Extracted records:
<<<<

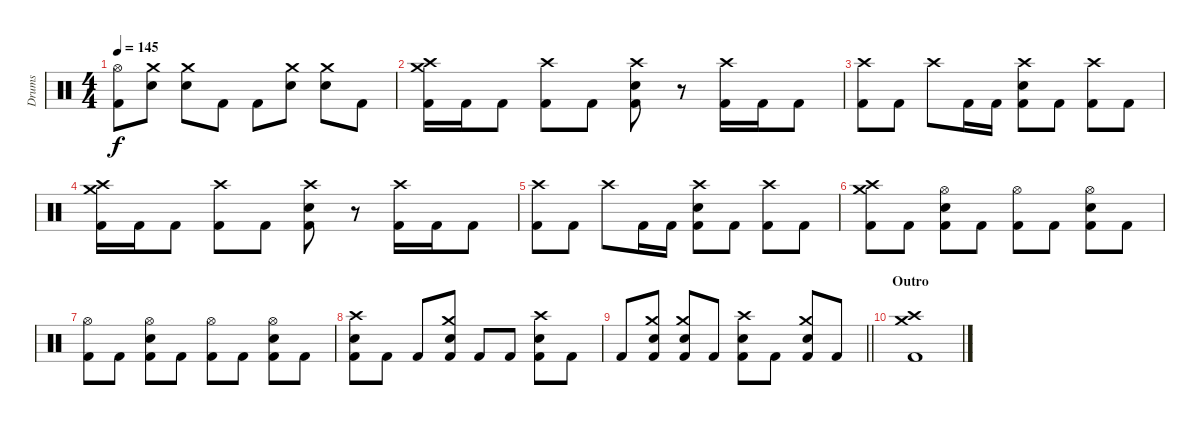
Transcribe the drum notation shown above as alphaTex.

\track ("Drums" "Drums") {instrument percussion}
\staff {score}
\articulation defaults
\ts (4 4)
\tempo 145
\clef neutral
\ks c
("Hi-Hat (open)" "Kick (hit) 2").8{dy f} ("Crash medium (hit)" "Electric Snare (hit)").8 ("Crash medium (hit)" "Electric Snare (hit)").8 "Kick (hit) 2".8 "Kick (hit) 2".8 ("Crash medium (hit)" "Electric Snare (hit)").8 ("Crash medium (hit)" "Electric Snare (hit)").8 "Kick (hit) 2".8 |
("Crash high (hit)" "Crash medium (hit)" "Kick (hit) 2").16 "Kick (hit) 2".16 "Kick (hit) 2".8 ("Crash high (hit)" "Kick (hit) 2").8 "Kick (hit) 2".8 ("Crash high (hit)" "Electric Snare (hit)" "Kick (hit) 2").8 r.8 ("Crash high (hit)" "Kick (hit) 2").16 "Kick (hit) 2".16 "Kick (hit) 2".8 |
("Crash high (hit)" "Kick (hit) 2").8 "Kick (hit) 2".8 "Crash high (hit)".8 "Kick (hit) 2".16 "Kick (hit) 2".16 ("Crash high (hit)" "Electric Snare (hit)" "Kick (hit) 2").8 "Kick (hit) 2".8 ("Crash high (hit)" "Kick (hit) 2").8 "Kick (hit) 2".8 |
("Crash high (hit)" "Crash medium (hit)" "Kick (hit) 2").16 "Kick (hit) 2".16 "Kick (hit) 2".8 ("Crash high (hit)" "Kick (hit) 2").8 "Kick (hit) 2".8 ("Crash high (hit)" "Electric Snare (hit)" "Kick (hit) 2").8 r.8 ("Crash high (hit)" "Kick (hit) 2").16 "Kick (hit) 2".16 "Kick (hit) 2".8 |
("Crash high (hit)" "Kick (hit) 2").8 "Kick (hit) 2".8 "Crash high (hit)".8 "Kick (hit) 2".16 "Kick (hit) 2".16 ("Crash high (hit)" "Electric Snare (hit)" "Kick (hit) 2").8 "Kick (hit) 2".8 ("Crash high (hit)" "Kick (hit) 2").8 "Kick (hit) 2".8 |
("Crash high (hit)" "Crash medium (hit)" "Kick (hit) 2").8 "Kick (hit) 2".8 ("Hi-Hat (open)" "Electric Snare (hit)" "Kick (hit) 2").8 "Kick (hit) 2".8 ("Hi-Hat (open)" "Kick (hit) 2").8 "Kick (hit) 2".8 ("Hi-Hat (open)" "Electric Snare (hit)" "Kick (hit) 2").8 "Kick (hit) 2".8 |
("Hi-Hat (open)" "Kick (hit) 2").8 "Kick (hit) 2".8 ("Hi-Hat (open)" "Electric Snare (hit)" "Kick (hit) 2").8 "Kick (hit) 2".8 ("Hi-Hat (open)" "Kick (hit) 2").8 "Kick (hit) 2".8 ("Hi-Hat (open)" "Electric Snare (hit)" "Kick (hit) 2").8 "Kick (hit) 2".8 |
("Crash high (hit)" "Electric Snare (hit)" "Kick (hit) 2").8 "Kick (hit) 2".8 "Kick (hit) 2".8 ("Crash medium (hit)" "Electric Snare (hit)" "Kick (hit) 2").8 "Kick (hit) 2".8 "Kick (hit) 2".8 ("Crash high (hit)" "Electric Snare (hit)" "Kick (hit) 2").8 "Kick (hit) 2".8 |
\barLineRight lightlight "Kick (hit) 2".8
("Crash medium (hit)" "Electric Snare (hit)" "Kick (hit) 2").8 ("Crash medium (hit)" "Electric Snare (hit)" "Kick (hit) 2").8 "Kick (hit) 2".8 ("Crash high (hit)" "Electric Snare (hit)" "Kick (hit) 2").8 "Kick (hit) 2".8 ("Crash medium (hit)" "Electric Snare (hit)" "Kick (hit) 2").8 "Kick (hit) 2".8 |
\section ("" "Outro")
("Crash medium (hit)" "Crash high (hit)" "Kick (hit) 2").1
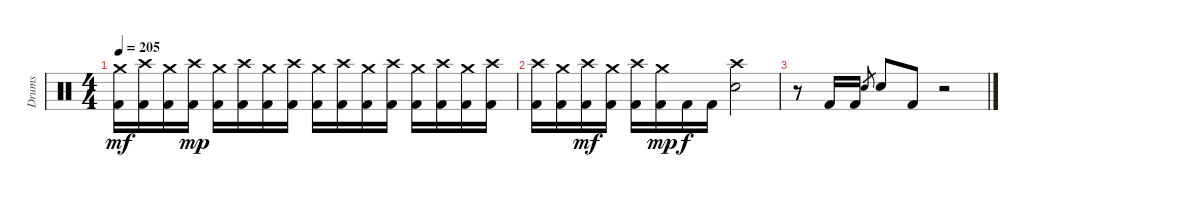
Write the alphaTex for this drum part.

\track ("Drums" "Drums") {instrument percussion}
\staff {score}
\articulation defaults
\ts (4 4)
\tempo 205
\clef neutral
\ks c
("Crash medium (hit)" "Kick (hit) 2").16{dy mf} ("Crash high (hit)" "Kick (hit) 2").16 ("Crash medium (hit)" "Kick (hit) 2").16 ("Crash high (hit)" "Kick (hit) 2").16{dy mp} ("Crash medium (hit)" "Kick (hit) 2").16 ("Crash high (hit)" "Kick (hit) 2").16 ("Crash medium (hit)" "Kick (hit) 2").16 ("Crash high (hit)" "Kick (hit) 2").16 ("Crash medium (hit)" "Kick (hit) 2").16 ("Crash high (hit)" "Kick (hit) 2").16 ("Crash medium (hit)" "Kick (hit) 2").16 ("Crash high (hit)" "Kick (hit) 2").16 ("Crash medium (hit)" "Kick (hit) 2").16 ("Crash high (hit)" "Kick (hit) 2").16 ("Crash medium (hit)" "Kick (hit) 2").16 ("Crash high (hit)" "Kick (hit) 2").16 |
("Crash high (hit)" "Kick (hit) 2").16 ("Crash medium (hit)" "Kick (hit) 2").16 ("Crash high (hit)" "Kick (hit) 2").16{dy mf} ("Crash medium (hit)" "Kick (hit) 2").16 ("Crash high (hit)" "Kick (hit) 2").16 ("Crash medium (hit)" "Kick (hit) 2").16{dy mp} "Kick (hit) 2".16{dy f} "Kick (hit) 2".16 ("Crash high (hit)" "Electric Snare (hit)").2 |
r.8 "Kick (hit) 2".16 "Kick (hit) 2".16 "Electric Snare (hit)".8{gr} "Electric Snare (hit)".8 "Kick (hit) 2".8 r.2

>>>>

EXERCISE DESCRIPTION: Go through the lines above and tally those with the string "alphaTex". The total is all that is needed.

ANSWER SPACE: 2